Beginning with the first line below, retype exactly each line through the one containing "Reply with a". Leave out all pictures.
##########
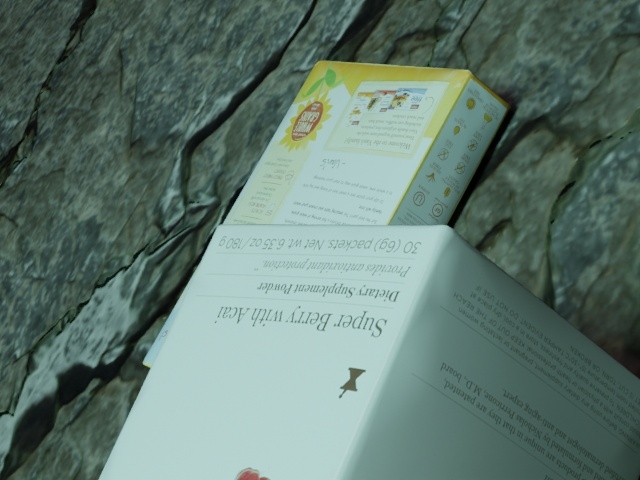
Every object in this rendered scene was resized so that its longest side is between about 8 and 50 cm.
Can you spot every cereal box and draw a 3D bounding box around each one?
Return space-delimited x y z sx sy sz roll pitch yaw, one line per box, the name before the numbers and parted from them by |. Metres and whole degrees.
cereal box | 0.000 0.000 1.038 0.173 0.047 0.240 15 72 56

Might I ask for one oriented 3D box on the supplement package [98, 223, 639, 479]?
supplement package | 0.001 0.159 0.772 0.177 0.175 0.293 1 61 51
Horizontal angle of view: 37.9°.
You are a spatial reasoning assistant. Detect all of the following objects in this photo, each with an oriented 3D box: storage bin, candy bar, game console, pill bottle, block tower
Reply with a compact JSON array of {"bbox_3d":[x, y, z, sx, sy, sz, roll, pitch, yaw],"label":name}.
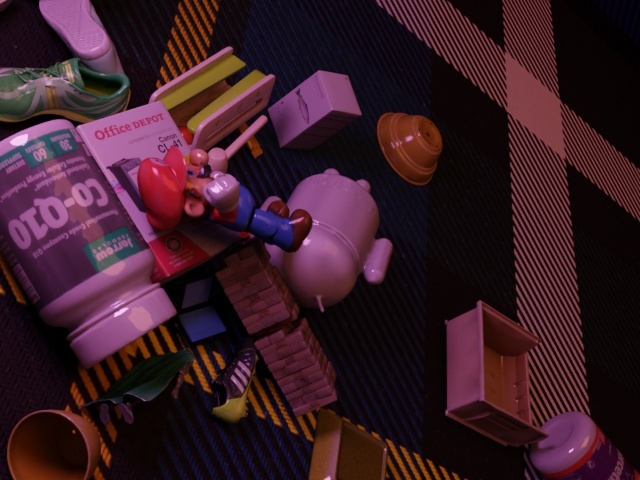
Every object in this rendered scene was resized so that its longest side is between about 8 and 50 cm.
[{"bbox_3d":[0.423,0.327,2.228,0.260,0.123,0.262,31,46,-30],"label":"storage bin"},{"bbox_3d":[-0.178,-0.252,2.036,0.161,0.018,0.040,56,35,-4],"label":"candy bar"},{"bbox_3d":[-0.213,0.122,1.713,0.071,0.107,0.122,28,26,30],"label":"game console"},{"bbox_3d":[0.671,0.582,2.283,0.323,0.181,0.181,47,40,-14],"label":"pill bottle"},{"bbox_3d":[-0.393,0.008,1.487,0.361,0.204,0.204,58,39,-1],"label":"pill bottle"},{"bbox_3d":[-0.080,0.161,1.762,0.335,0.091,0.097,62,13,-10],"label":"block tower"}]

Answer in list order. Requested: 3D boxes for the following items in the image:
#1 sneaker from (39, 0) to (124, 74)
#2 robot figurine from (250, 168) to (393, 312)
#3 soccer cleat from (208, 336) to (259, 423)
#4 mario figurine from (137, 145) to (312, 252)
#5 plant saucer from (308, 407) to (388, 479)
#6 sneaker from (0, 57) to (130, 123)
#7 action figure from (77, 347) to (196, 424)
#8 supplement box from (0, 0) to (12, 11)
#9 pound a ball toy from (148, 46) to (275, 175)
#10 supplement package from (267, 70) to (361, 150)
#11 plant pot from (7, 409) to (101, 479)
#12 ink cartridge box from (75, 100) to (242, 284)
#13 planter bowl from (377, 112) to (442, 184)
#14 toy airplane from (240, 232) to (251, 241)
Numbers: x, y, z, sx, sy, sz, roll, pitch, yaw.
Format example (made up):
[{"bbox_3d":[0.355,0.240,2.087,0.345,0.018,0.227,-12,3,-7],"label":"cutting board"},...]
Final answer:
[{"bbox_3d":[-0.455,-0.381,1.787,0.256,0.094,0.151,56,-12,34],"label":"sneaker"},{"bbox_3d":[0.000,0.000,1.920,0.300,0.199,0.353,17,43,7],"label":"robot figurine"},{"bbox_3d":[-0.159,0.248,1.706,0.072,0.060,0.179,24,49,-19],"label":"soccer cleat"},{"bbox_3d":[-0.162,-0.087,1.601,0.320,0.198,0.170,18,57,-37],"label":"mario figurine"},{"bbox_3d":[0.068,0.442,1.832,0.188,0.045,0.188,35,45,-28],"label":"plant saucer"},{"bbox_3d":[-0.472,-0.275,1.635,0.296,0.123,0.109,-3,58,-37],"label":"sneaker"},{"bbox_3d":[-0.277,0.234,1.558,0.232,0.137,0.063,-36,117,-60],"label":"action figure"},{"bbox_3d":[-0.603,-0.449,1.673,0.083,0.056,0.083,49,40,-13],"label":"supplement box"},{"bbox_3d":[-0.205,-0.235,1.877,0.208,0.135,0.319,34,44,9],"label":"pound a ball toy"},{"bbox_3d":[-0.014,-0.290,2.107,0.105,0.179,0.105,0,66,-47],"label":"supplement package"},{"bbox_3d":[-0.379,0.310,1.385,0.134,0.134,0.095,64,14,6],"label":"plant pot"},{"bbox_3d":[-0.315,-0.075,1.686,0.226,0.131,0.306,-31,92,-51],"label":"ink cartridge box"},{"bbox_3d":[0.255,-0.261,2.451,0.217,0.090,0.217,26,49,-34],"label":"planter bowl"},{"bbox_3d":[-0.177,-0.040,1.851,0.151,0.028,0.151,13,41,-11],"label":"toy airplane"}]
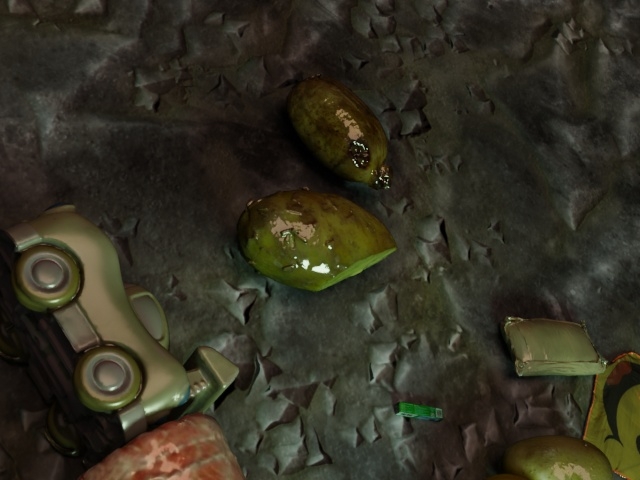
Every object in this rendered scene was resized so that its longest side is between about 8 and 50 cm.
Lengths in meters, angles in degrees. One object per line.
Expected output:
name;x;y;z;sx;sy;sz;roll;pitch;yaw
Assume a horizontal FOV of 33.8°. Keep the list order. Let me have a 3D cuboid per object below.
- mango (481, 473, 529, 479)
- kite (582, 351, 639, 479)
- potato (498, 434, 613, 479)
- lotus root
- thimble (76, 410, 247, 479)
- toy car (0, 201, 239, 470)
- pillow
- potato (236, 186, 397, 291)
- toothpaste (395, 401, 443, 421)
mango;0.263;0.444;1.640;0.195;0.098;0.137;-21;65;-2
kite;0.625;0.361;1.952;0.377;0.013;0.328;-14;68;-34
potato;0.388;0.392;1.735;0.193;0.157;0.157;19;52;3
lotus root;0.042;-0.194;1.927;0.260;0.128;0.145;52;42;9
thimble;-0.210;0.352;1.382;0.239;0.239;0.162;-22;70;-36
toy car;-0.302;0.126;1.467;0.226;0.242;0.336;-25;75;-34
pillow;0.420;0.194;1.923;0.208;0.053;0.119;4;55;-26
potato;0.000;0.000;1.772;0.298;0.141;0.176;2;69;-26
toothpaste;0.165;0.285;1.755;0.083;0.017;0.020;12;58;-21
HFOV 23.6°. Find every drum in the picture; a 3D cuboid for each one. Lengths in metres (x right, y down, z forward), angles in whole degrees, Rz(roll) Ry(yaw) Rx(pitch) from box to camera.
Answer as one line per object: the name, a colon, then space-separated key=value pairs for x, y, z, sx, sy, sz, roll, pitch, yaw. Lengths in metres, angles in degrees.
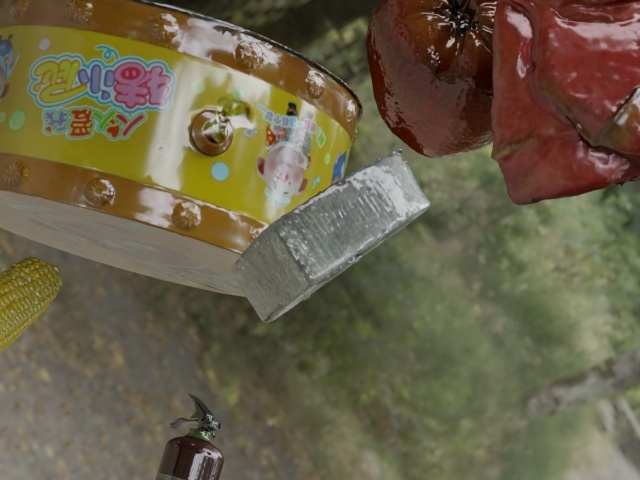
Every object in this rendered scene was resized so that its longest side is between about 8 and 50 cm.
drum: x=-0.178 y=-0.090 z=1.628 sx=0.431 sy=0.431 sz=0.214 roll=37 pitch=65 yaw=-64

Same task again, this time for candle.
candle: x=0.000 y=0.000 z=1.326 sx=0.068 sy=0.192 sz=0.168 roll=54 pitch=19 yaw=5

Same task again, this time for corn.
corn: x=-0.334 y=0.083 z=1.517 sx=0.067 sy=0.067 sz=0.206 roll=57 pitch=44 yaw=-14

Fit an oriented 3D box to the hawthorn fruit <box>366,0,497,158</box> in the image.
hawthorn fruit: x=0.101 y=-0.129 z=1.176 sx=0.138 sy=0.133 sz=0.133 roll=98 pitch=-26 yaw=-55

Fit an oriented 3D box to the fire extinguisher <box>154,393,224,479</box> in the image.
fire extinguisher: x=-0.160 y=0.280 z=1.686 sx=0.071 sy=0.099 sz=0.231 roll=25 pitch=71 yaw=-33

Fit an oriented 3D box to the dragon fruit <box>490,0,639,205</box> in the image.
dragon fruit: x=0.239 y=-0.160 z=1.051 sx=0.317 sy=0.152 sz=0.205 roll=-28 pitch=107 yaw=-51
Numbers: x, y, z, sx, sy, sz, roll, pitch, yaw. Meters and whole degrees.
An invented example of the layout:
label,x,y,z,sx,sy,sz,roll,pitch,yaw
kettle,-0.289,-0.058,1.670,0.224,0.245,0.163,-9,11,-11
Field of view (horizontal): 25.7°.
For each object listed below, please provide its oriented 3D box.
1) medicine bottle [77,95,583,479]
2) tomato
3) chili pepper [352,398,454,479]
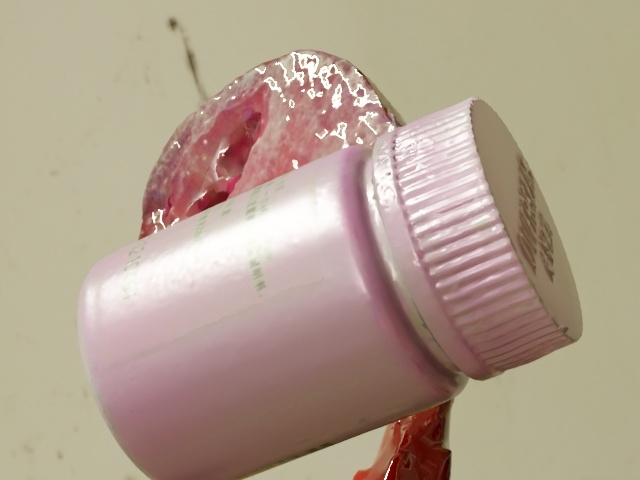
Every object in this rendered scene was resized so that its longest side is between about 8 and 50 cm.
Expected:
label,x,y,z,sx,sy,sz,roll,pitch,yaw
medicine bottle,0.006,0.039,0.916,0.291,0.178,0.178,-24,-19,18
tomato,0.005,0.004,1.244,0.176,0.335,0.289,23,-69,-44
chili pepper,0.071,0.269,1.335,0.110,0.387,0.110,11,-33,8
##########
Written solution:
Every object in this rendered scene was resized so that its longest side is between about 8 and 50 cm.
Can you spot every cereal box and draw a 3D bounding box around each one?
Return space-delimited x y z sx sy sz roll pitch yaw, one line per box, the name before the numbers and parted from them by |. Metres and whole degrees.
cereal box | 0.000 0.000 1.038 0.173 0.047 0.240 15 72 56

Might I ask for one oriented 3D box on the supplement package [98, 223, 639, 479]?
supplement package | 0.001 0.159 0.772 0.177 0.175 0.293 1 61 51
Horizontal angle of view: 37.9°.
You are a spatial reasoning assistant. Detect all of the following objects in this photo, each with an oriented 3D box: storage bin, candy bar, game console, pill bottle, block tower
Reply with a compact JSON array of {"bbox_3d":[x, y, z, sx, sy, sz, roll, pitch, yaw],"label":name}.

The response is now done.